Group Theory – Axiomatizability of Some Classes of Groups

first-order-logicgroup-theorytorsion-groups

I want to check which of the following classes are axiomatizable and which are even finitely axiomatizable.

  1. the class of finite groups
  2. the class of infinite groups
  3. the class of groups of order $n$ for some fixed $n$
  4. the class of torsion groups
  5. the class of torsion-free groups

Attempts:

  1. Not axiomatizable due to compactness.
  2. I think the group axioms plus the sequence of formulae ("there are $n$ distinct elements") should give an axiomatization. If it was finitely axiomatizable then so was the complement (ie all structures that don't describe infinite groups), which seems wrong but I'm not sure how to argue this.
  3. The group axioms plus "there are $n$ distinct elements" plus "there are not $n+1$ distinct elements" should give a finite axiomatization?
  4. / 5. I'm not sure how to tackle the torsion thing.

Best Answer

You're correct for 1, 2, and 3. Below are some sketches for how to do the others.

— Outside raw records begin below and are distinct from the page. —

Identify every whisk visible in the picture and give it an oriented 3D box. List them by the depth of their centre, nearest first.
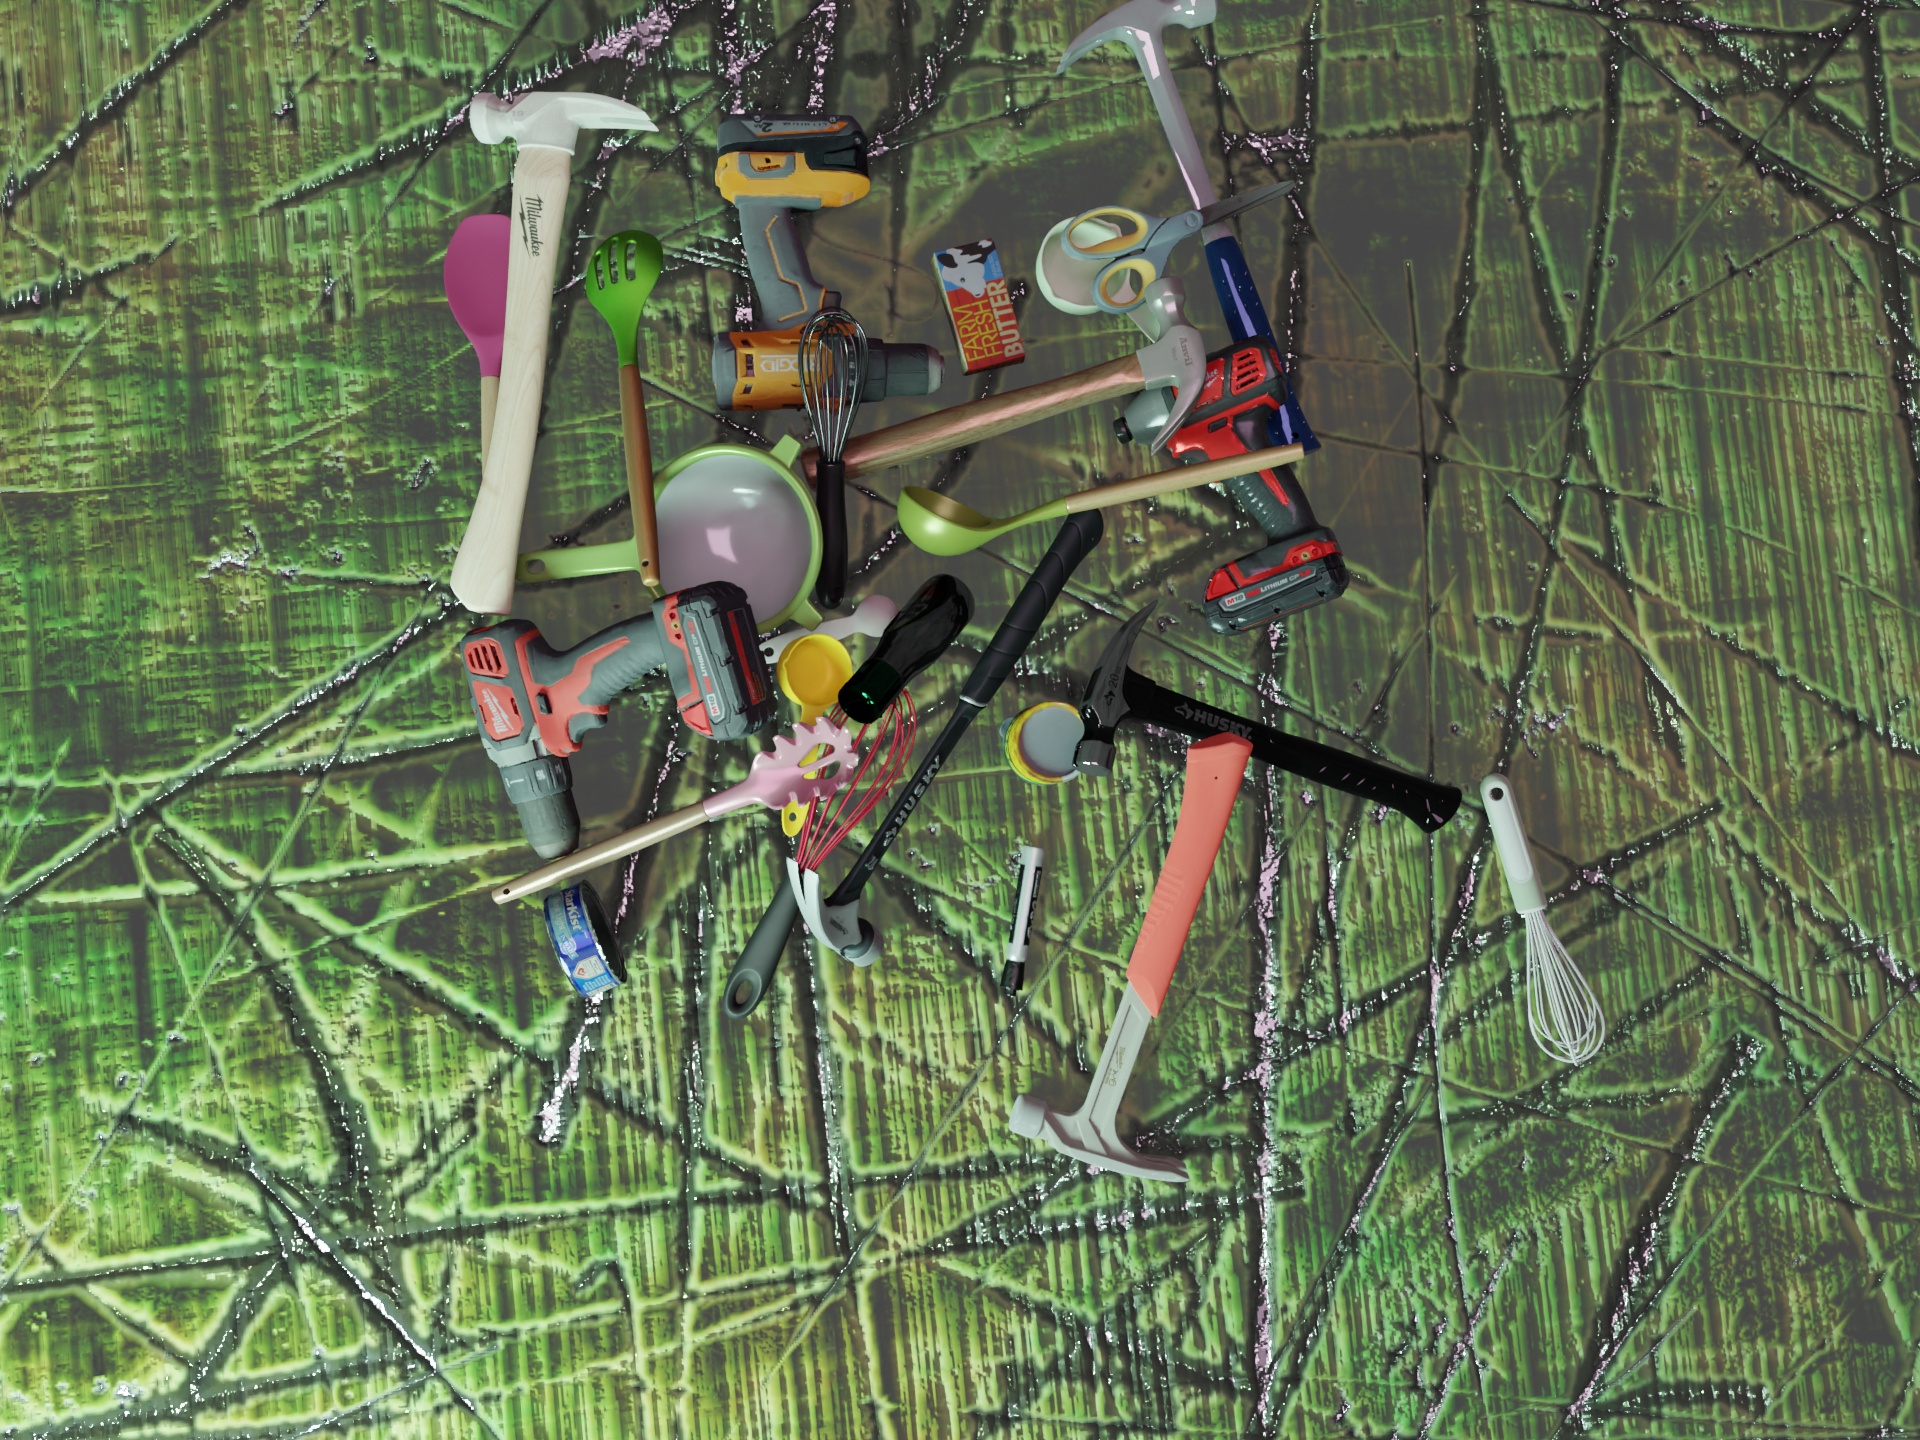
[{"bbox_3d":[-0.100,-0.201,1.244,0.055,0.055,0.238,0,112,-6],"label":"whisk"},{"bbox_3d":[-0.116,0.102,1.253,0.073,0.073,0.296,26,90,-3],"label":"whisk"},{"bbox_3d":[0.473,0.163,1.311,0.058,0.059,0.246,-17,83,21],"label":"whisk"}]

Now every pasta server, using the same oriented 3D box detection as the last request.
[{"bbox_3d":[-0.217,0.076,1.197,0.316,0.040,0.060,-22,82,10],"label":"pasta server"}]

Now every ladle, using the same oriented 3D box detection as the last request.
[{"bbox_3d":[0.107,-0.187,1.247,0.320,0.078,0.062,-12,106,10],"label":"ladle"}]

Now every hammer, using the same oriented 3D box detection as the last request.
[{"bbox_3d":[-0.331,-0.285,1.236,0.146,0.038,0.411,6,87,11],"label":"hammer"},{"bbox_3d":[0.162,0.183,1.237,0.149,0.037,0.359,18,101,-3],"label":"hammer"},{"bbox_3d":[-0.002,-0.004,1.248,0.036,0.149,0.409,25,76,29],"label":"hammer"},{"bbox_3d":[0.034,-0.242,1.264,0.331,0.031,0.130,-16,80,7],"label":"hammer"},{"bbox_3d":[0.256,0.017,1.278,0.334,0.035,0.146,18,73,-14],"label":"hammer"},{"bbox_3d":[0.206,-0.408,1.326,0.144,0.035,0.405,-19,88,-7],"label":"hammer"}]

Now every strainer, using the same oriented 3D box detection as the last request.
[{"bbox_3d":[-0.226,-0.136,1.261,0.256,0.069,0.151,-6,97,12],"label":"strainer"}]

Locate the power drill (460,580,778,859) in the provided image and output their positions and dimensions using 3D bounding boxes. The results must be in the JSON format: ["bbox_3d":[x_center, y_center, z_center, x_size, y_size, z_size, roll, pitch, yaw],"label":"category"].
[{"bbox_3d":[-0.260,-0.002,1.212,0.226,0.080,0.188,-13,96,13],"label":"power drill"}]

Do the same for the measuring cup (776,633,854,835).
[{"bbox_3d":[-0.122,0.010,1.223,0.062,0.029,0.156,11,88,-30],"label":"measuring cup"}]

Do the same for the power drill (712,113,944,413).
[{"bbox_3d":[-0.108,-0.360,1.273,0.185,0.084,0.226,-2,90,-8],"label":"power drill"}]

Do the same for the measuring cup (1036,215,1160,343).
[{"bbox_3d":[0.133,-0.343,1.316,0.167,0.038,0.083,41,82,-6],"label":"measuring cup"}]

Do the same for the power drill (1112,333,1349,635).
[{"bbox_3d":[0.217,-0.185,1.281,0.143,0.078,0.220,-20,85,18],"label":"power drill"}]

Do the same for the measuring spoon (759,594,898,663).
[{"bbox_3d":[-0.109,-0.071,1.282,0.124,0.018,0.034,-19,89,-6],"label":"measuring spoon"}]

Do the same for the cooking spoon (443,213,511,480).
[{"bbox_3d":[-0.374,-0.248,1.268,0.068,0.017,0.319,-2,86,-1],"label":"cooking spoon"}]

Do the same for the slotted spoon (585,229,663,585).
[{"bbox_3d":[-0.253,-0.250,1.232,0.070,0.031,0.314,-14,72,15],"label":"slotted spoon"}]

To see why 2 is not finitely axiomatizable, you can take an ultraproduct of $\mathbb{Z}_p$ for $p\in{}\mathbb{N}$ prime. This is an infinite group, so the complement is not closed under ultraproducts, which means that the class of infinite groups is not finitely axiomatizable.

For 4, note that in a torsion group, each element has finite order. Let $C$ be the class of torsion groups and $T$ the theory. There are members of this class with elements of arbitrarily large order (look at $\mathbb{Z}_n$), so you can write sentences that say "there exists an element of order $n$" for each $n\geq{}1$. Then let $T'=T\cup{}\{{}\phi_n\}{}$ for each $n$. Since any finite subset of $T'$ is consistent, by compactness there is a model of $T'$ with an element of infinite order, thus is not a torsion group. So it is not axiomatizable.

For 5, we can do something similar to 2. For torsion-free groups we can include sentences $\phi_n$ that say the only element raised to the $n$th power that equals $e$ is $e$. However it is not finitely axiomatizable since we can take an ultraproduct of groups that have torsion elements and get a torsion free group. For example, take the ultraproduct of $\mathbb{Z}_p$. The structure with universe $\mathbb{Z}_p$ is a torsion-group for each $p$, but the ultraproduct will not be one.